Typical information included in these records
Marriage license / recorded marriage record
- Full names of both parties (including maiden name where applicable)
- Date and place of marriage and/or license issuance date
- Ages or dates of birth (varies by form/version)
- Residences (often city/county/state)
- Officiant’s name and authority, and return/recording details
- Witnesses and parents’ names may appear depending on the era and form used
Divorce decree (court judgment)
- Court name, case number, parties’ names
- Date of filing and date of final judgment
- Findings and orders dissolving the marriage
- Orders regarding property division, debt allocation, maintenance (alimony), child custody, parenting time, and child support (when applicable)
- Restoration of former name (when ordered)
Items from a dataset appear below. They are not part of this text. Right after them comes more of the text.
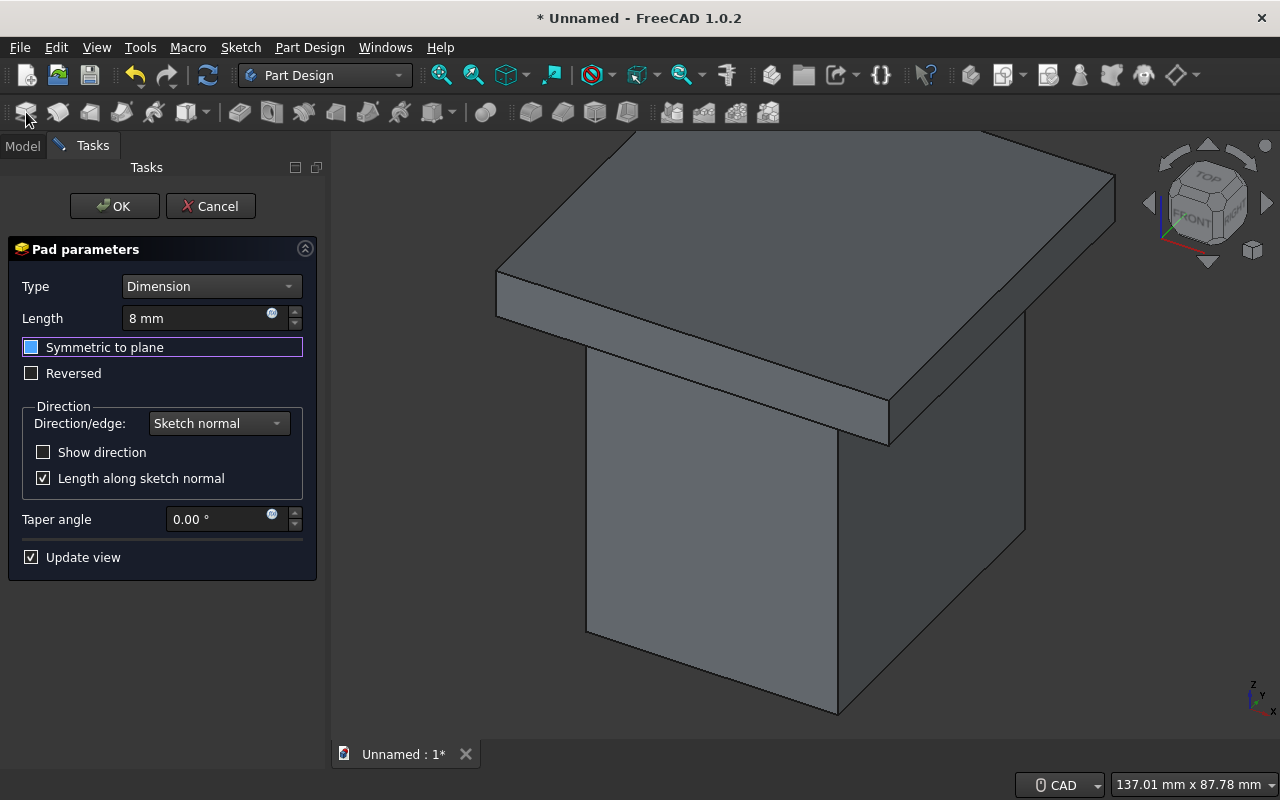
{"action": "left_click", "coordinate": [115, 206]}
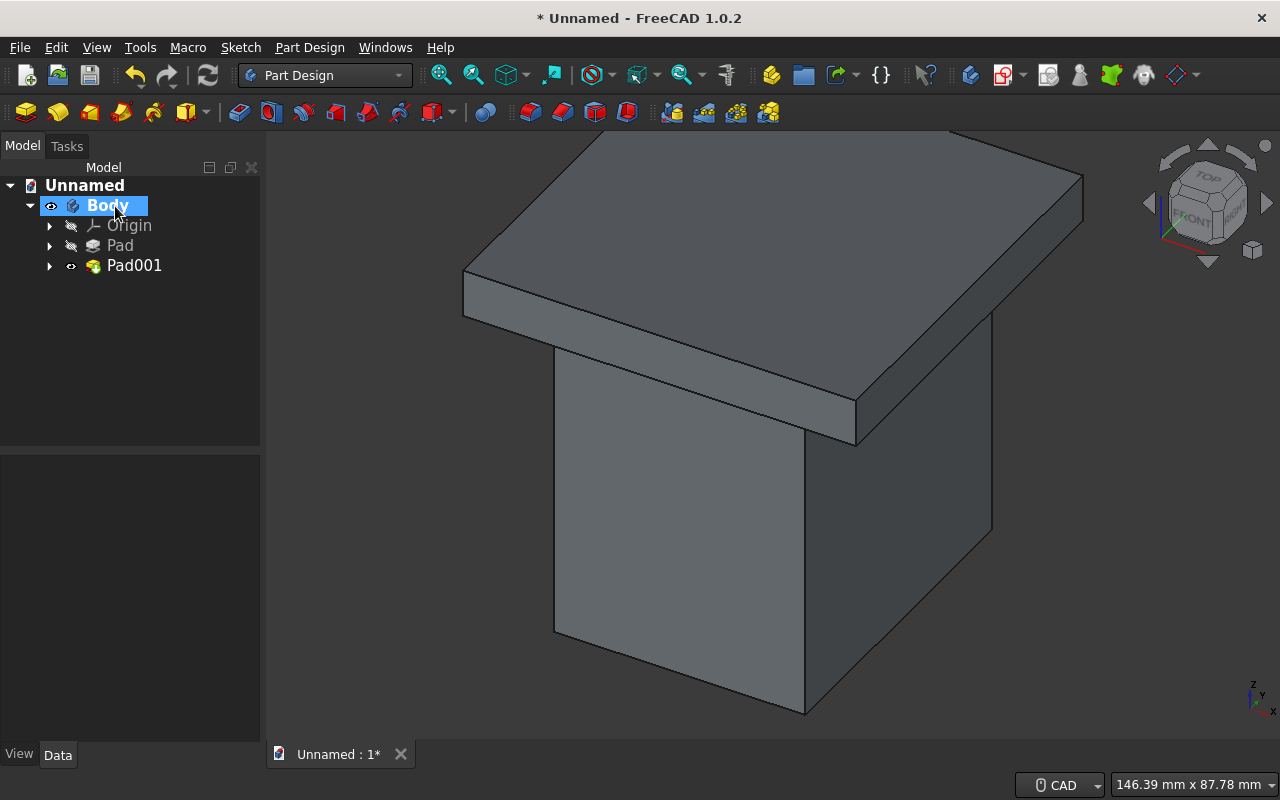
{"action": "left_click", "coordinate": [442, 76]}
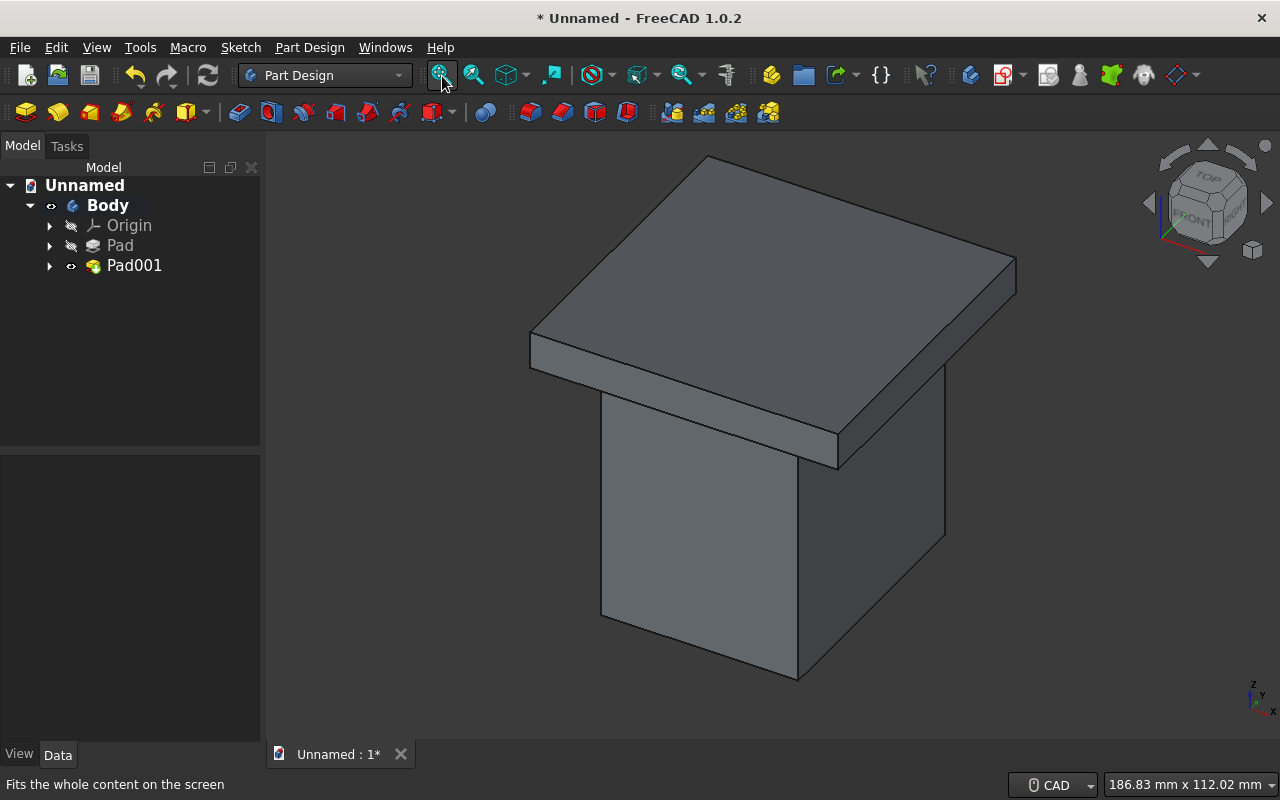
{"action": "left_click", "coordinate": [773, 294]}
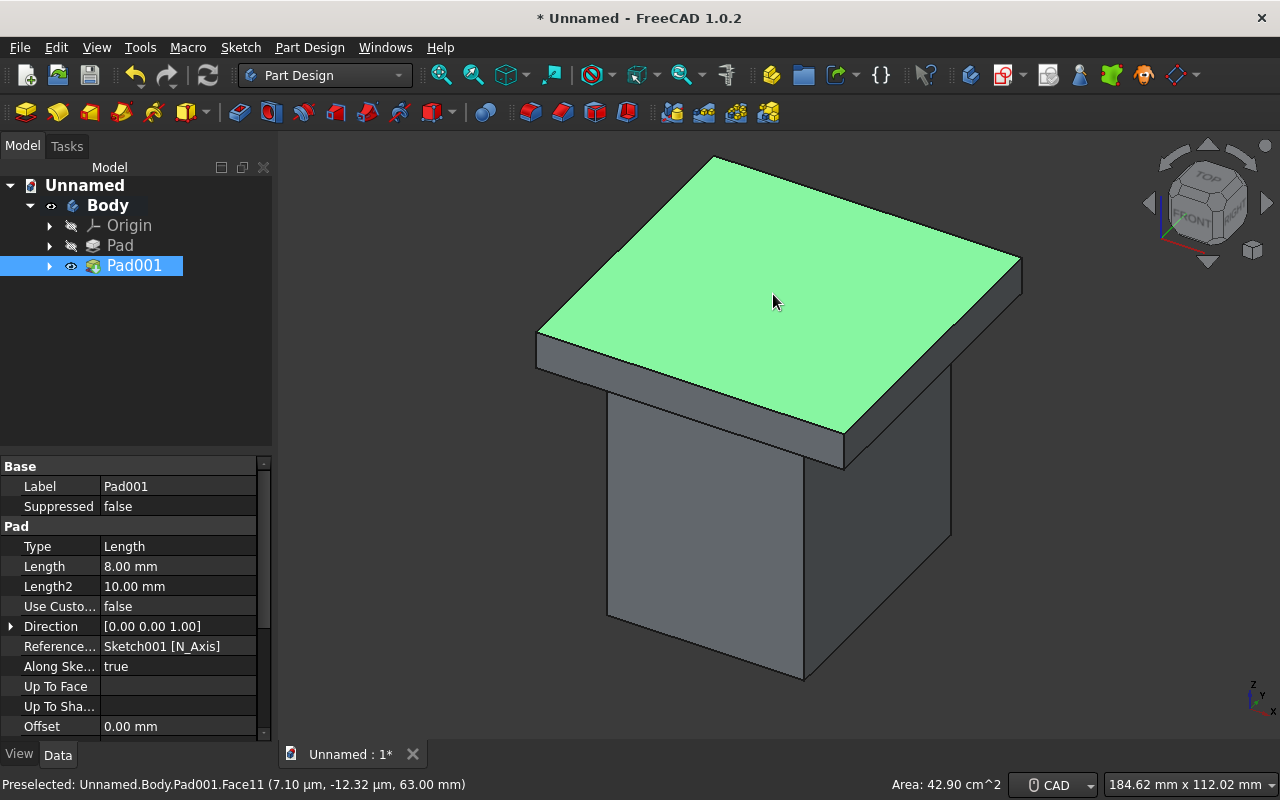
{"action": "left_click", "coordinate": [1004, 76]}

- Signatures, certifications, and service/notice information in the case file
Annulment order/judgment
- Court name, case number, parties’ names
- Legal basis for annulment and court findings
- Order declaring the marriage void/voidable and related relief
- Related orders affecting property, support, or children (when applicable)
Privacy or legal restrictions
Vital records access limits
- Kentucky treats many vital records as restricted for a statutory period. Certified copies from the state vital records office are generally limited to the person named on the record and other legally qualified requesters, subject to identification and eligibility rules.
Court record access limits
- Kentucky court case files are generally public records, but access to specific documents may be restricted by law or court rule (for example, records involving minors, domestic violence protections, adoption-related matters, or sealed/confidential filings).
- Divorce and annulment case files often contain sensitive personal and financial information. Courts may redact or restrict certain data elements, and parties may obtain sealing orders in limited circumstances consistent with Kentucky law and court rules.
Certified vs. non-certified copies
- Certified copies are issued for legal purposes and typically require compliance with identity/eligibility requirements at the issuing office. Non-certified copies or index information may be more broadly accessible, subject to office policy and record format (paper, microfilm, or electronic).
Education, Employment and Housing
McCracken County is in far western Kentucky along the Ohio River, anchored by the City of Paducah and adjacent to Illinois and Missouri. It is a regional service, healthcare, and logistics hub for the Jackson Purchase area, with a mix of urban neighborhoods in and around Paducah and rural communities outside the city. Population size and core demographic/economic benchmarks are most consistently tracked through the U.S. Census Bureau’s American Community Survey (ACS) county estimates (commonly reported as 5‑year averages for small-area reliability).
Education Indicators
Public schools (count and names)
McCracken County’s primary public school system is McCracken County Public Schools (MCPS), which operates elementary, middle, and high schools, including a single consolidated high school:
- McCracken County High School (countywide public high school)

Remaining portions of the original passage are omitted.